It was Carter.
"You," gasped Brian… before he smiled.
Carter smiled back.
"Yes, me," he said, in a British accent. "I was wondering when I'd be meeting you Bank. And here you are, the last living descendant of Salazar Slytherin," his smile turned into a nasty scowl. "And you're the son of a filthy mudblood."
"And here I thought Rodriguez was trying to kill me," Brian sarcastically quipped. "Then again, he does seem the type."
"With him around, who would suspect," Professor Carter put his fake American accent back on, "boring, unassuming, Professor Carter?"
"And lemme guess, you tried to kill me, not Rodriguez?"
"Right you are," Professor Carter said, dropping the accent. "And if your friend Khanna hadn't lit Rodriguez's robes on fire, causing me to lose my focus, I would've succeeded! No matter.
"You're too noisy for your own good, just like Potter. Him and all of his damned ancestors. MACUSA may have caught Dolores Umbridge after she killed your father, but it doesn't matter. Do you know what I see in this mirror, Bank? I see my master, alive and well, ruling the world. What do you see?"
Brian looked at the mirror; it was a large magnificent mirror, with an ornate gold frame, standing on two clawed feet. There was an inscription around the top: Erised stra ehru oyt ube cafru oyt on woshi.
"Voldemort taught me the truth, dear Brian: there is no good and evil. There is only power, and those too weak to seek it…"
Brian tried to sneak out, but black fire surrounded the door. Brian couldn't get out even if he wanted to.
"Going somewhere, dear boy?"
"And I suppose you let the troll in too?"
"Obviously!" He rolled up his left sleeve, revealing a vivid red tattoo of a snake exiting the mouth of a skull. "Ever since the master's death at the hands of Potter, the Dark Mark has never been active. If I had it my way, Draco Malfoy would be beheaded for his defection. His parents didn't drop their faith in pure-blood supremacy, you know. But he DID. He joined the Ministry of Magic."
"So, how did you manage to evade the Aurors for so long?" Brian asked.
"Well, since I'm gonna kill you anyway, I might as well tell you how I evaded capture for almost 11 years now.
"To make a long story short, I had used forged documents to illegally immigrate to the United States. After Umbridge was arrested, I knew I had to be careful, so I got a job here."
"Using fake documents?"
"Precisely.
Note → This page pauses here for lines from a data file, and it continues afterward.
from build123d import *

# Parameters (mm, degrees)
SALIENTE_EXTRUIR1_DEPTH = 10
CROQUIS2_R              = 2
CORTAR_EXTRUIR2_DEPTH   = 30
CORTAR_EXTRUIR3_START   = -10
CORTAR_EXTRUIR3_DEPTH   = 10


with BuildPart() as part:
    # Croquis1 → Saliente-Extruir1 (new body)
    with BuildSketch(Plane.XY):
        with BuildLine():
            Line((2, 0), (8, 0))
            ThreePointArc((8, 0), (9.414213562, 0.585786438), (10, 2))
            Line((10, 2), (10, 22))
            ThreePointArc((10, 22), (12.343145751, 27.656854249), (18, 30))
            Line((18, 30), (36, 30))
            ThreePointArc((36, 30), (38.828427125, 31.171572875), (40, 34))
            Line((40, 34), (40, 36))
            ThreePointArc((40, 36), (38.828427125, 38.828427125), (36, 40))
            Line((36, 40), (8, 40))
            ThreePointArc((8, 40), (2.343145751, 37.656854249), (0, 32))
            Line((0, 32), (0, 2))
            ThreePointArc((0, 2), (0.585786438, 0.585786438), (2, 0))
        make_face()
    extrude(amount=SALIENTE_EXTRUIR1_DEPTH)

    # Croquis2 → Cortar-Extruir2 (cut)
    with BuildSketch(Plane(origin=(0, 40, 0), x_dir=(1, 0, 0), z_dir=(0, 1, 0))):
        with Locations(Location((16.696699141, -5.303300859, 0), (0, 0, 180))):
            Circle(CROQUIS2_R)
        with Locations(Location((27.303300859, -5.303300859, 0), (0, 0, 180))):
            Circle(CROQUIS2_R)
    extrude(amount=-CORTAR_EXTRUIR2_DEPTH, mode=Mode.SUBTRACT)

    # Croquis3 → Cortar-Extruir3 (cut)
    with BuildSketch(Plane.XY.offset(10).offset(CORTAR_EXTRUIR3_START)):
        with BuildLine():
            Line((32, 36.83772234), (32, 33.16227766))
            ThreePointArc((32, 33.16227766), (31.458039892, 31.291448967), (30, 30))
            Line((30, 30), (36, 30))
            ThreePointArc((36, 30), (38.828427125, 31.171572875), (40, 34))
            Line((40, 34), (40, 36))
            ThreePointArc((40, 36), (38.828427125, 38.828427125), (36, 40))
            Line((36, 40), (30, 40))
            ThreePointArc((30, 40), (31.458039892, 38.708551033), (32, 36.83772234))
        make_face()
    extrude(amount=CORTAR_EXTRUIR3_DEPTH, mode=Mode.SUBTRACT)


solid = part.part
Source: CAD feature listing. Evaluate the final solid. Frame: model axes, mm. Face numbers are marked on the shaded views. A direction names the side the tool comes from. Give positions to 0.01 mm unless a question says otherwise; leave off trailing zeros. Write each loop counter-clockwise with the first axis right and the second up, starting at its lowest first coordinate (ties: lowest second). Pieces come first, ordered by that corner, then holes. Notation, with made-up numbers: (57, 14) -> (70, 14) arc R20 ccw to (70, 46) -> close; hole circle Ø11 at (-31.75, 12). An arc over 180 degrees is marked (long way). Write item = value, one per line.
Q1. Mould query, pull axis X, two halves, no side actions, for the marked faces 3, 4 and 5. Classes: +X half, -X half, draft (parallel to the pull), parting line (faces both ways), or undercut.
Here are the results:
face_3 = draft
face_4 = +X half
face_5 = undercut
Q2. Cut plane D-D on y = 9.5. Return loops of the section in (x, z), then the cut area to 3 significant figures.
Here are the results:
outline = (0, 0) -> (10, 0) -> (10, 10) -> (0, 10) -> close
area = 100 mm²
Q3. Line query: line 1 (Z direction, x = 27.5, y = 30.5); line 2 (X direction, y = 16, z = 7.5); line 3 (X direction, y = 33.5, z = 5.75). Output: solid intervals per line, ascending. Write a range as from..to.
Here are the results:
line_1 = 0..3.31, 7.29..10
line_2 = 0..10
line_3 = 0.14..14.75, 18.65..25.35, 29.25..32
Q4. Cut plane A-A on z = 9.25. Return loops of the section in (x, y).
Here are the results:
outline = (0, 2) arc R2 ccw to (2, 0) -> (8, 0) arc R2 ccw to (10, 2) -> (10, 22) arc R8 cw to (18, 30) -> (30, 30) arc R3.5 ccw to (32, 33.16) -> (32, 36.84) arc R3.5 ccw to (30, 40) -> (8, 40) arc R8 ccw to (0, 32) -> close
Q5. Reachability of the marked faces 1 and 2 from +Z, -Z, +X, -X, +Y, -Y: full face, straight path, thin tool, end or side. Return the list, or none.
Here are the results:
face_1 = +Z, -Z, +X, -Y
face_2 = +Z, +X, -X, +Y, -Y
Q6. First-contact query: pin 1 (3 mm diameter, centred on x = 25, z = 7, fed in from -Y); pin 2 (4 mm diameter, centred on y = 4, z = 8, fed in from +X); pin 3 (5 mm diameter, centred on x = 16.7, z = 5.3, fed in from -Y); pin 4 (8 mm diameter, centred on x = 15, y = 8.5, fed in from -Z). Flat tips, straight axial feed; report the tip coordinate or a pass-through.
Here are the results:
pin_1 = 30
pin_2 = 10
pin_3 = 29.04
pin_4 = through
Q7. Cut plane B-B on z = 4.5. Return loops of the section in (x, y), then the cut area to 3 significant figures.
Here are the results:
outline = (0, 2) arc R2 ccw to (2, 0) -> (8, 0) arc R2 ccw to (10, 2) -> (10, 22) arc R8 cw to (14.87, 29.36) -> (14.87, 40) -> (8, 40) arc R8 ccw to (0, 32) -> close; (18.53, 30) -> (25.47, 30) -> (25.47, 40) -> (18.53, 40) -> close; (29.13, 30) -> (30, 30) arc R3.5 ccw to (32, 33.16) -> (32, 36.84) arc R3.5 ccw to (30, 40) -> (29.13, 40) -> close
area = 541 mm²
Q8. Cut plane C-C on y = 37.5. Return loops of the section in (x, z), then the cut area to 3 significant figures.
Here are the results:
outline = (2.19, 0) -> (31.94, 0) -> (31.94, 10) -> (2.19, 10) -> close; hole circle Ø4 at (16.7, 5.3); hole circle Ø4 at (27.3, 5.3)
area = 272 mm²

What is your desire? I know what it is: your father. You want him back, don't you? Help me, and we can bring him back. Better to reign in hell than serve in heaven. Your father died begging Umbridge for mercy."
"YOU LIAR!" Brian shouted suddenly, before he regained his composure.
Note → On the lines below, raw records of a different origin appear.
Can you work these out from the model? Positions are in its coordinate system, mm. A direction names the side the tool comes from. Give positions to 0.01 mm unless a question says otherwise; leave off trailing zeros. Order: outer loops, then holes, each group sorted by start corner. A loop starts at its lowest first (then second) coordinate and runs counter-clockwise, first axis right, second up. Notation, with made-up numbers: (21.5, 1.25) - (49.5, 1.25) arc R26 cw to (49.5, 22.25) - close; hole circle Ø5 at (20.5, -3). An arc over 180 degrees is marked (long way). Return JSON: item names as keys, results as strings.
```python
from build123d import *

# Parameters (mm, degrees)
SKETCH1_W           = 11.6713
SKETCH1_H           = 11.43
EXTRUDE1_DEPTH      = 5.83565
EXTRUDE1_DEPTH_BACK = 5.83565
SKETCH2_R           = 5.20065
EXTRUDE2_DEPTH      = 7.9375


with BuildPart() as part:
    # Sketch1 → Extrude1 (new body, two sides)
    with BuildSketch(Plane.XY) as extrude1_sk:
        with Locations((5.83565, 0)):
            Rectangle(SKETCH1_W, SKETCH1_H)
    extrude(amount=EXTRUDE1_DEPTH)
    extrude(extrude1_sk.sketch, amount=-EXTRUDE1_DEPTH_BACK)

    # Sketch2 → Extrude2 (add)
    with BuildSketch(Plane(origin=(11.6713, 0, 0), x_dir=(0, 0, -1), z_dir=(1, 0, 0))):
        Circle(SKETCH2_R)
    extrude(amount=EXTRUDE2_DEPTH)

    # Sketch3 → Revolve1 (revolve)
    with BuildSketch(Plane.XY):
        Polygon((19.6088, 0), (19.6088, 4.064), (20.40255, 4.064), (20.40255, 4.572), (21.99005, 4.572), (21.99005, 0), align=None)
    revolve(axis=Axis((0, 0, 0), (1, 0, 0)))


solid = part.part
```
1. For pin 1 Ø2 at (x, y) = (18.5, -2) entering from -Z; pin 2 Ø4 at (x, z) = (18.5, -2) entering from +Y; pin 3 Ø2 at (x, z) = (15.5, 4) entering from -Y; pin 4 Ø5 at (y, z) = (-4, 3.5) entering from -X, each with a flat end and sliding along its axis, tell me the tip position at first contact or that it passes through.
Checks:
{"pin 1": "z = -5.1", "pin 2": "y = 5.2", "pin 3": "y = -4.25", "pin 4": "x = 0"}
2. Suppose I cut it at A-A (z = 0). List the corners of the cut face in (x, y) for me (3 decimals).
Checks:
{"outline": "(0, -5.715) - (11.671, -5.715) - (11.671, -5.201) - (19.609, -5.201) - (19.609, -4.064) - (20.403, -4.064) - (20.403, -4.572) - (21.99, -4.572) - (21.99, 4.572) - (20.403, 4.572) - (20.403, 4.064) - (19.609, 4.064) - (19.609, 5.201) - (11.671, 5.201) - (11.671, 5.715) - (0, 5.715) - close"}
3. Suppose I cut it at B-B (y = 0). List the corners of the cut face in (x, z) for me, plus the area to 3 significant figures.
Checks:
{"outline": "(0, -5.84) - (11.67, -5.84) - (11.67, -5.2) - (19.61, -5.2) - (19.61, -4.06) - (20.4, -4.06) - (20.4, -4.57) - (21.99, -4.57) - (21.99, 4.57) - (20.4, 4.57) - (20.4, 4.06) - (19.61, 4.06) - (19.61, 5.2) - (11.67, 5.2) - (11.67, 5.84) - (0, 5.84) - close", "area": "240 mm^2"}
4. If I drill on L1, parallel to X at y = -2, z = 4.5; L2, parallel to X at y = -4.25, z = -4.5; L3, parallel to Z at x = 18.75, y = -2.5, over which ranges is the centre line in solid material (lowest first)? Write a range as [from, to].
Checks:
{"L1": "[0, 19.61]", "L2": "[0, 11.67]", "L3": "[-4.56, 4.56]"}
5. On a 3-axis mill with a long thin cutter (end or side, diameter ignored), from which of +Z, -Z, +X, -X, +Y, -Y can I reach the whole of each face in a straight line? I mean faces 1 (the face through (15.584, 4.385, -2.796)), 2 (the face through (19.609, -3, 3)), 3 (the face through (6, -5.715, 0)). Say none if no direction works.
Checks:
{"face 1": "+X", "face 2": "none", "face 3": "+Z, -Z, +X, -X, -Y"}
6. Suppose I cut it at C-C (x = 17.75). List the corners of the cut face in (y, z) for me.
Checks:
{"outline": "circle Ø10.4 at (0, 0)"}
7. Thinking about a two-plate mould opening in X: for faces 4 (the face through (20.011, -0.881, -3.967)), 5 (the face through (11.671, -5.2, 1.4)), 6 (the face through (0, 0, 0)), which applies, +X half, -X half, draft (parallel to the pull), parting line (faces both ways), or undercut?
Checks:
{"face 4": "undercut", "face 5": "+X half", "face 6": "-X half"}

"How touching. Your father really was brave; he sacrificed himself to save your mudblood mother. But he needn't have died; he should've just walked away and let Umbridge and myself raise you in England to be the next Voldemort… to be a PROPER heir of Salazar Slytherin."
"Well, I'm glad my dad didn't," Brian smirked. "I'm glad I'm not the next Voldemort. And I won't be, EVER."
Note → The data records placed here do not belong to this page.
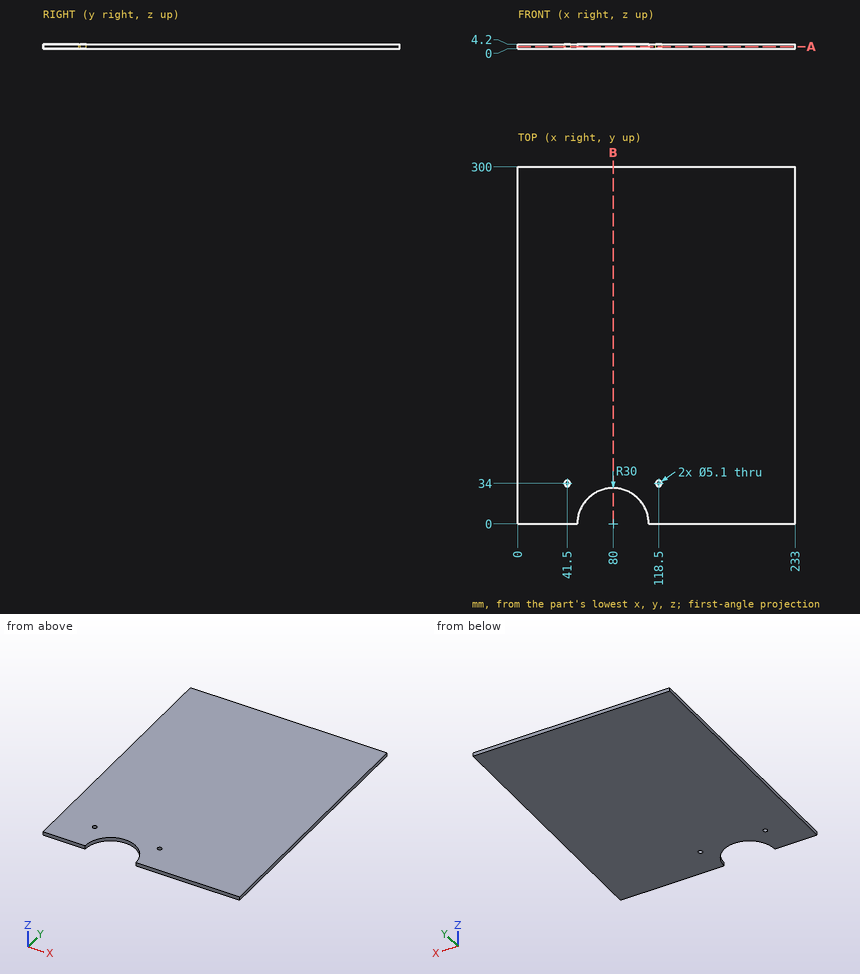
Job drawing, mm, ordinate dimensions from the low corner. One solid piece. Coordinates: 2 decimals unless noted, no trailing zeros. Order: outer loops, then holes, each group sorted by start corner. A loop starts at its lowest first (then second) coordinate and runs counter-clockwise, first axis right, second up. Notation, with made-up numbers: (-39.75, 49.5) -> (8.25, 49.5) arc R11 ccw to (8.25, 53.5) -> close; hole circle Ø11 at (83.25, 70). An arc over 180 degrees is marked (long way). Put each result on its own line as item: value. Start each with the question number.
(1) Band-saw the part on A-A (z = 1.9). Give the cut face in (x, y).
(2) Band-saw the part on B-B (x = 80). Give the cut face in (y, z), then the cut area to 3 significant figures.
(3) Probe line 1 along X through (y, z) = (34, 1.65); line 2 along Y through (x, z) = (41.5, 1.9); line 3 along Y through (x, z) = (92, 2.8). List the from-to ranges inside material, lowest first. Write a range as [from, to].
Determined:
1. outline: (0, 0) -> (50, 0) arc R30 cw to (110, 0) -> (233, 0) -> (233, 300) -> (0, 300) -> close; hole circle Ø5.1 at (41.5, 34); hole circle Ø5.1 at (118.5, 34)
2. outline: (30, 0) -> (300, 0) -> (300, 4.2) -> (30, 4.2) -> close
2. area: 1,130 mm²
3. line 1: x = [0, 38.95], [44.05, 115.95], [121.05, 233]
3. line 2: y = [0, 31.45], [36.55, 300]
3. line 3: y = [27.5, 300]

"Then DIE!" Carter roared as he prepared to curse Brian. Brian's wand hummed as its master was in danger. Brian managed to dodge the blast from Carter's wand before Brian seized Carter's arm.
Suddenly, Carter's arm began to burn.
"AAAARGH!"
Brian gasped a bit, let go, and took out his wand!
"YOU LITTLE BRAT!" Carter charged at Brian, intending on trying again!
"Petrificus Totalus!" Brian shouted as he pointed his wand at Carter!
Just like with Barnaby, Carter froze up and fell to the floor with a THUD!
Brian decided to gaze into the mirror… and saw his own reflection, smiling and taking something out of his pocket, a blood-red stone, that he put back in his pocket before winking.
Brian smiled back, confused, before something appeared; a smoky figure charged at him, causing him to black out! A blood-red stone fell out of his pocket…
Thursday, May 10, 2012
Brian woke up and saw the faces of Professor Drake and Professor Fontaine, both smiling at him.
"Good afternoon, Mr. Bank," said Professor Fontaine.
"H-hi Professor Fontaine," Brian said to him. "Um… do you know about…"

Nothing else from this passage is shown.